La crisi economica per prima pone queste domande e spinge su un crinale, dove la linea tra fare e non fare è sottilissima, dove la questione ha radici ben più profonde della sola economia, dove rinunciare è il primo passo verso l’estinzione. Ecco che resistere diventa la nuova forma mentis: resisto, dunque sono. Ma a che prezzo? Sembra che un festival oggi sia in qualche modo costretto a “essere” nell’unica forma dei grandi numeri: molti spettacoli per serata, innumerevoli giorni e altrettante attività collaterali. La nitida immagine del “tanto” proietta un’ombra sempre più nera, che costa condizioni lavorative impensabili per la moltitudine di artisti, tecnici e organizzatori che dignitosamente incassano il colpo. E “resistono”, appunto.

Si arriva dunque a chiedersi se non sarebbe meglio abbassare i numeri e alzare la qualità dei rapporti lavorativi. Perché, in fondo, dei limiti esistono, se non politici e culturali, sicuramente economici. Negare l’esistenza di un minim, oltre il quale fare cultura diventa impossibile, significa negare la possibilità futura di ottenere le giuste risorse, che siano esse pubbliche o private.

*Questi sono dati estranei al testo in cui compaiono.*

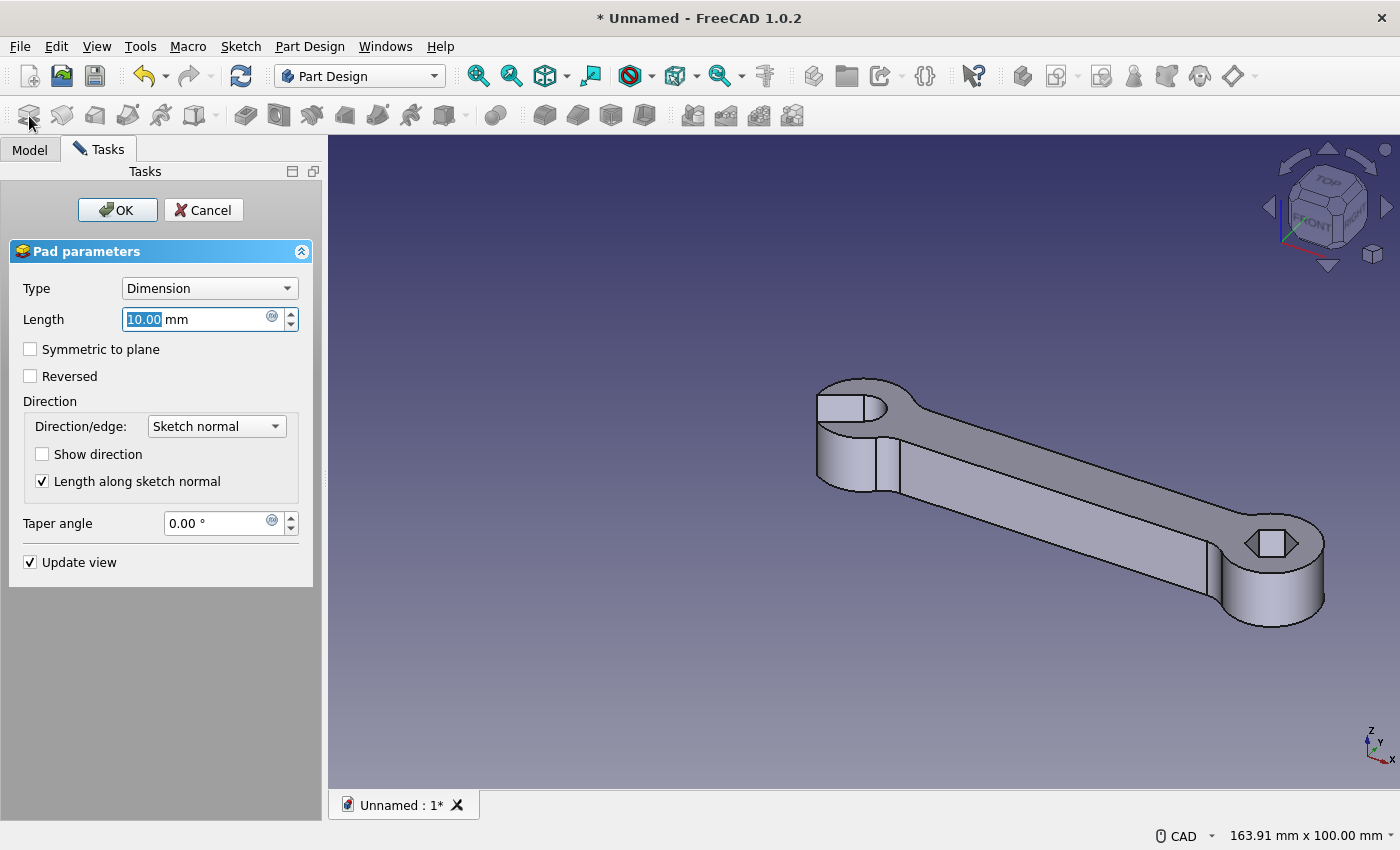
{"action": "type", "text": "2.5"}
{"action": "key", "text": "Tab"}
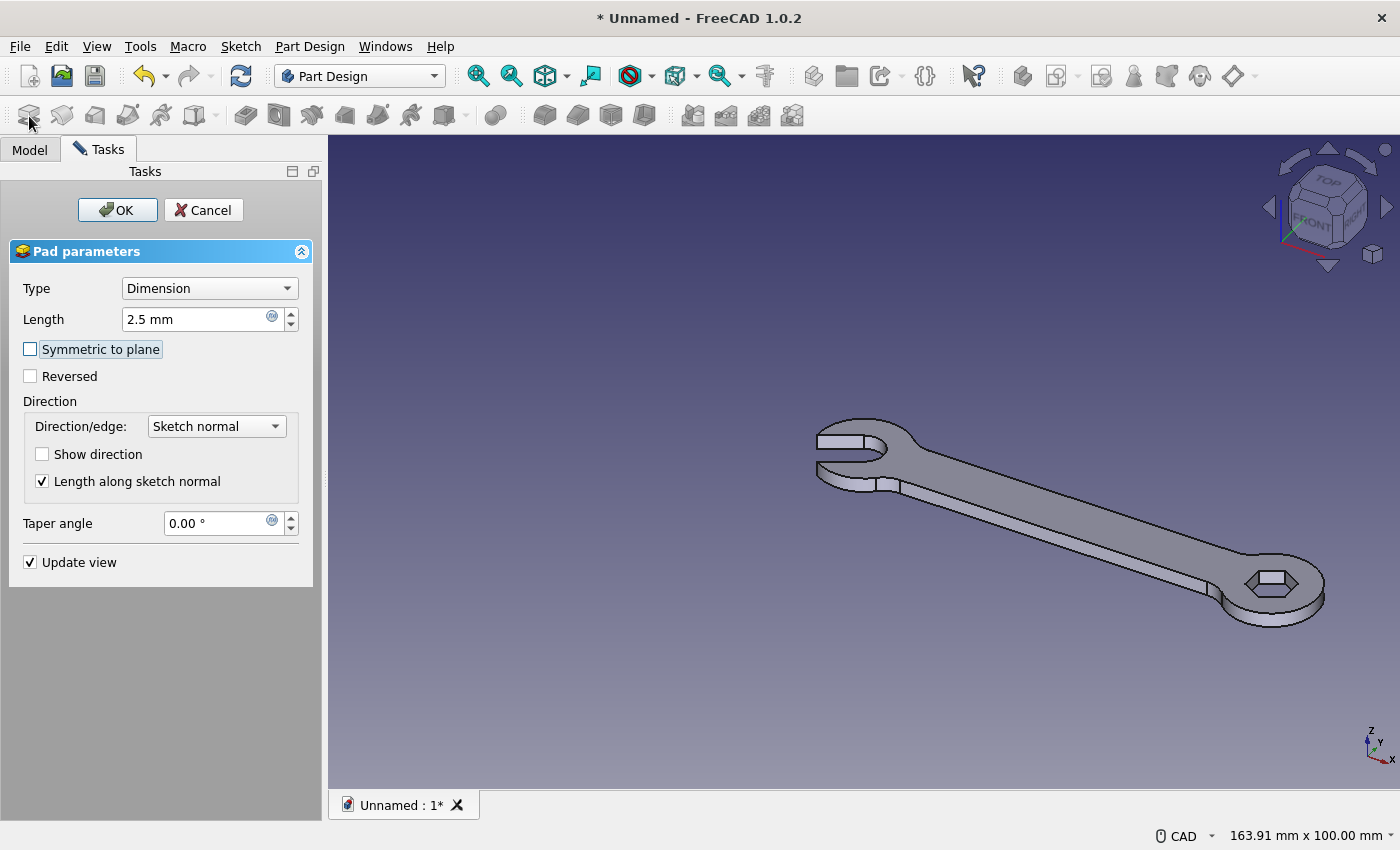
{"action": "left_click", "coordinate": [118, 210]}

Lasciar passare l’informazione che tutto sia fattibile anche con meno, che la cultura sia un bene a ribasso, è un rischio troppo grande, soprattutto in questo momento storico.

Abbiamo divagato fin troppo allontanandoci da Roma e dimenticando il punto di partenza: Teatri di Vetro, il festival che ha preso d’assalto la crisi, deciso a non mollare, che ha rinunciato a qualcosa per dare spazio alla possibilità.